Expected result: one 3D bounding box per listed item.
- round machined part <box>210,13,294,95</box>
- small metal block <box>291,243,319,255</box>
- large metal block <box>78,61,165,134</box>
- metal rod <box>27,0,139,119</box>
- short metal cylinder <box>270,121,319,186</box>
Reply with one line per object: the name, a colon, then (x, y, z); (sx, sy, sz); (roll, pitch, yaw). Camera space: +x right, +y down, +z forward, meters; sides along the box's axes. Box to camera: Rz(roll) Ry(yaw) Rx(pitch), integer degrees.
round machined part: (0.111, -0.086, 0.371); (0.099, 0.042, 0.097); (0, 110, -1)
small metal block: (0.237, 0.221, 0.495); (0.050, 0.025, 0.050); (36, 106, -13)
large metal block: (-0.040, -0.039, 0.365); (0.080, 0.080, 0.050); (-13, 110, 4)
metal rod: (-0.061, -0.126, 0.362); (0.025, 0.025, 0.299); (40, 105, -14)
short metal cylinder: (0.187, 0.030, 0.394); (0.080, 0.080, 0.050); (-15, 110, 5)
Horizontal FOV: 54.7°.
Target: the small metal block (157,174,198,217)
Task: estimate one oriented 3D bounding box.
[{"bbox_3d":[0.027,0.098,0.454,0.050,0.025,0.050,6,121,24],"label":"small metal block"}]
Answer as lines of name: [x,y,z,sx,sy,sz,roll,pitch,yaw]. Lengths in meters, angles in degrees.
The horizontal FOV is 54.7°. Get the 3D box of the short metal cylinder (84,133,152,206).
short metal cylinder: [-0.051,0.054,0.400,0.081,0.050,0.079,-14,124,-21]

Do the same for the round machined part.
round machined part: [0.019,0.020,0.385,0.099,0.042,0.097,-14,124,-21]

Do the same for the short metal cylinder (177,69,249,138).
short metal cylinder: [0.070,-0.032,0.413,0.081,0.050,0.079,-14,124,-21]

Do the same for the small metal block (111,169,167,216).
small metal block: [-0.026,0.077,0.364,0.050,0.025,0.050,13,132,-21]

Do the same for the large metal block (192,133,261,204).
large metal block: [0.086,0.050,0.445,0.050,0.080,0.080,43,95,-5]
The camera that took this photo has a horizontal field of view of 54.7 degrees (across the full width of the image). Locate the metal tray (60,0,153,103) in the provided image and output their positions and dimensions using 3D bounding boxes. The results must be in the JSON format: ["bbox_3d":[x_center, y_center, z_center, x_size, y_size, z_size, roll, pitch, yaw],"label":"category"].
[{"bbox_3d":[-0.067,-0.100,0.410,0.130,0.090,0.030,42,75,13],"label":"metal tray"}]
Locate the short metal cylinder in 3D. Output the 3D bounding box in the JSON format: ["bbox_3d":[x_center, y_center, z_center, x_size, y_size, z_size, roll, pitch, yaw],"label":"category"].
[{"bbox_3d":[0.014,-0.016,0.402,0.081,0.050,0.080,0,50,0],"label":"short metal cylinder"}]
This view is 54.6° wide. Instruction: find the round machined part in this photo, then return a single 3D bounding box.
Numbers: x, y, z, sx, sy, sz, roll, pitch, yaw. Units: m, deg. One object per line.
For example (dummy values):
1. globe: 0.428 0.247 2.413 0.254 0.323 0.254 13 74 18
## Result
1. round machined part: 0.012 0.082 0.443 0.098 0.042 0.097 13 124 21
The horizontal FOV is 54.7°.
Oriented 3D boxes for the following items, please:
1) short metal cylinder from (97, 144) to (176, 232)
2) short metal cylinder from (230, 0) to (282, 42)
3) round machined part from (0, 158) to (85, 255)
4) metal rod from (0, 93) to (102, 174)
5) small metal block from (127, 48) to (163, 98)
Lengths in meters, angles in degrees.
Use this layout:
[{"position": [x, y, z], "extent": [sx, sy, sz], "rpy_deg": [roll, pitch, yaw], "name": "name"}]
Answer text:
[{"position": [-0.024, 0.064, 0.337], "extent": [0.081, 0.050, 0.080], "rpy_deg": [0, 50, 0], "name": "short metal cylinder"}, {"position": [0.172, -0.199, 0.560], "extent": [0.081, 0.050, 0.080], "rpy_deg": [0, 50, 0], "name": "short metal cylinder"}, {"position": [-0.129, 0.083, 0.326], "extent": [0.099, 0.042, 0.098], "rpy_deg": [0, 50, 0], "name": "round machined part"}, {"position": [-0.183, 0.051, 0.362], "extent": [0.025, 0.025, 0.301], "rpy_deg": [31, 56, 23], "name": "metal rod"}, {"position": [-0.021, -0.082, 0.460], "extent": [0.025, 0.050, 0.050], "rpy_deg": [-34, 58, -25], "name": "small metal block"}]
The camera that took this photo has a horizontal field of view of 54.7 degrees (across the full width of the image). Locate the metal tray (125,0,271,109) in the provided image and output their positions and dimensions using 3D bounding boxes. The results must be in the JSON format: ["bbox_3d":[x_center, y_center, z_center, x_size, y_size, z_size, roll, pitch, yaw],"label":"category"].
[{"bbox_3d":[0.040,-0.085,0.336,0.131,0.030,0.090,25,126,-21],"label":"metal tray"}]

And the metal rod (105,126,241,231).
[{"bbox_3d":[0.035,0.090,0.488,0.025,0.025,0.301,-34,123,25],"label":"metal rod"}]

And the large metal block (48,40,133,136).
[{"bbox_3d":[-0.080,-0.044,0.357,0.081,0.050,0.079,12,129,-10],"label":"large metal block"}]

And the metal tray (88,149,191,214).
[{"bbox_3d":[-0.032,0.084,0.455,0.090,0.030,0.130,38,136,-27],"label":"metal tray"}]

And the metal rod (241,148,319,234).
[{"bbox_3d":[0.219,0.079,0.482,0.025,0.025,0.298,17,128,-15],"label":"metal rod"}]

Description of the task | Give back, unchanged, the run of lines in the listing above that begins at the line containing "1. globe: 0.428" and ends at the line containing "1) short metal", both included.

Answer to this task |
1. globe: 0.428 0.247 2.413 0.254 0.323 0.254 13 74 18
## Result
1. round machined part: 0.012 0.082 0.443 0.098 0.042 0.097 13 124 21
The horizontal FOV is 54.7°.
Oriented 3D boxes for the following items, please:
1) short metal cylinder from (97, 144) to (176, 232)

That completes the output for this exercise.